(Information Opens)
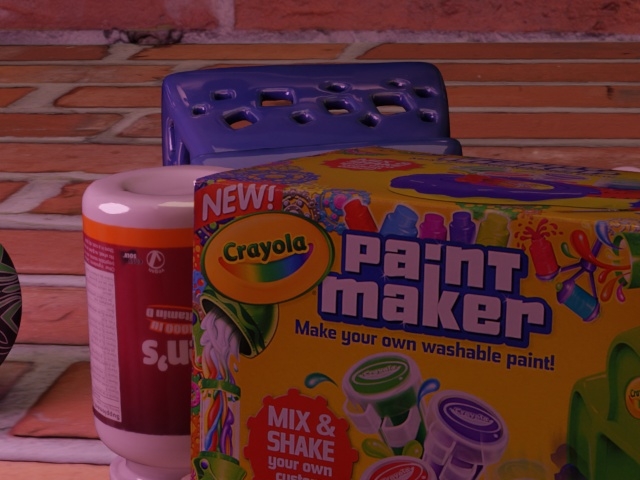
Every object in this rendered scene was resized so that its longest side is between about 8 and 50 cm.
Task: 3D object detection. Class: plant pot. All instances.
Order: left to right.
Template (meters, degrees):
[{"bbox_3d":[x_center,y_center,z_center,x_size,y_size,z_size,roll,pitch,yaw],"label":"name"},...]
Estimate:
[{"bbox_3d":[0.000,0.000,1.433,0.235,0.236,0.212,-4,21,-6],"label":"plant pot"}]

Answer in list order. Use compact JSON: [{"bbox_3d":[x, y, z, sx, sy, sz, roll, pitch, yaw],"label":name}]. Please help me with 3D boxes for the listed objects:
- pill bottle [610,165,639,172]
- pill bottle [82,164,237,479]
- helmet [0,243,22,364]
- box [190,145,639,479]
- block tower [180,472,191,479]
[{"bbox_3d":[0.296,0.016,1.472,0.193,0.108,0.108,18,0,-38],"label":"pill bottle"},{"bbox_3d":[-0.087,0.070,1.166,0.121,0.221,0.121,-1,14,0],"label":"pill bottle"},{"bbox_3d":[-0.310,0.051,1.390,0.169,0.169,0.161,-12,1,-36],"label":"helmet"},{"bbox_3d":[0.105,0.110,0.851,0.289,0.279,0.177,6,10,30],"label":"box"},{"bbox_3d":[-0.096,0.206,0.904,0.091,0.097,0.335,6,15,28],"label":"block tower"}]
(Information Closes)
• _What is being asked_
Copy out exactly the lines that run from the one holding "Answer in list" through the end of the data above.

• _Solution to this problem_
Answer in list order. Use compact JSON: [{"bbox_3d":[x, y, z, sx, sy, sz, roll, pitch, yaw],"label":name}]. Please help me with 3D boxes for the listed objects:
- pill bottle [610,165,639,172]
- pill bottle [82,164,237,479]
- helmet [0,243,22,364]
- box [190,145,639,479]
- block tower [180,472,191,479]
[{"bbox_3d":[0.296,0.016,1.472,0.193,0.108,0.108,18,0,-38],"label":"pill bottle"},{"bbox_3d":[-0.087,0.070,1.166,0.121,0.221,0.121,-1,14,0],"label":"pill bottle"},{"bbox_3d":[-0.310,0.051,1.390,0.169,0.169,0.161,-12,1,-36],"label":"helmet"},{"bbox_3d":[0.105,0.110,0.851,0.289,0.279,0.177,6,10,30],"label":"box"},{"bbox_3d":[-0.096,0.206,0.904,0.091,0.097,0.335,6,15,28],"label":"block tower"}]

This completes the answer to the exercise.